Most significant, however, was the tension between the images of peace as compromise and as anti-occupation, and the image of peace as separation. When ‘Peace Now’ introduced the last image, it did so as a response to the public mood that Israel could withdraw from Occupied Territories out of its own security considerations, and at the same time preserve the principle of compromise (by relinquishing some presence in the occupied territories), so the image was not in need of much promotion. However, it was also an image at odds to a significant degree with the other two images of peace. If negotiation and compromise would bring peace (and security along with it), then why would the two peoples need to separate? The image of peace as separation allows for a continuing perception of Palestinian hostility to Israel, and hence also for a peace that does not have to be achieved through negotiation and compromise, since separation can be imposed unilaterally. Certainly, the principle of two states for two peoples and territorial compromise entails some types of separation, such as the dismantling of the Israeli settlements in the future Palestinian state. Yet, with hindsight and in light of both the building of the separation wall and the unilateral disengagement from Gaza, it is also clear that separation of that sort has not brought peace any closer.117 It is an image that justifies continued restriction and occupation of Palestinians, as they are hostile enemies. Peace as separation has become a recipe for the oxymoron of ‘unilateral peace.’
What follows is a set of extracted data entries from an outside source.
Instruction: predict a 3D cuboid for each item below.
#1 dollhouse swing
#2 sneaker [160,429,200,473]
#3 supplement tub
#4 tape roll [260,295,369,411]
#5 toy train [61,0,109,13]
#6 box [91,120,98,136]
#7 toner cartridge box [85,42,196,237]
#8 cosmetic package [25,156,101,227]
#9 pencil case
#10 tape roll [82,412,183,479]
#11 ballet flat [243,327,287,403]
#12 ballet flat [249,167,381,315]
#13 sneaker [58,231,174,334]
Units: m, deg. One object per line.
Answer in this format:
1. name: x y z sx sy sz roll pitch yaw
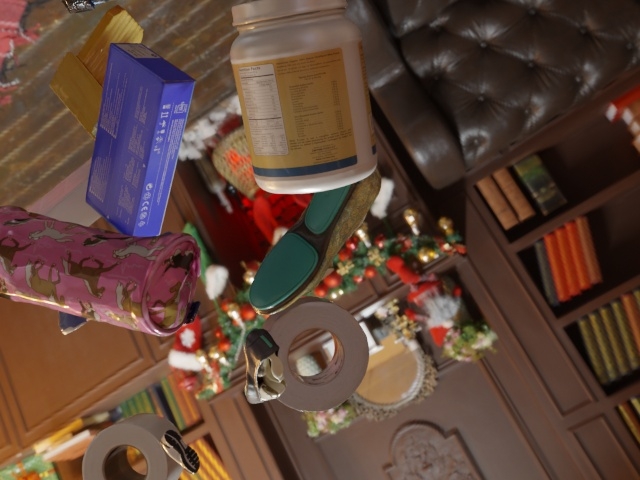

I am grateful to the College of Arts and Humanities Institute, Indiana University for a Travel Research grant that enabled me to conduct research during the summer of 2011. I was also a fellow of the Schusterman Center Summer Institute for Israel Studies that summer, which prepared me well for the research trip academically and funded my travel to Israel. Much of my research was undertaken at the Yad Yaari Institute, Givat Haviva, where the ‘Peace Now’ archives are held. I would like to thank the entire staff at the archive not only for making my work there productive but also for providing such a friendly and supportive atmosphere. I am also grateful to comments from the audiences at three events at which I presented the paper: Keynote speaker, for ‘Imagination & Images,' 10 year anniversary conference for the Hebrew University Cultural Studies program, November 13, 2012; Seminar of the Department of Communication and Journalism, Hebrew University of Jerusalem, November 20, 2012; Seminar of the Department of Communication, Tel Aviv University, November 28, 2012.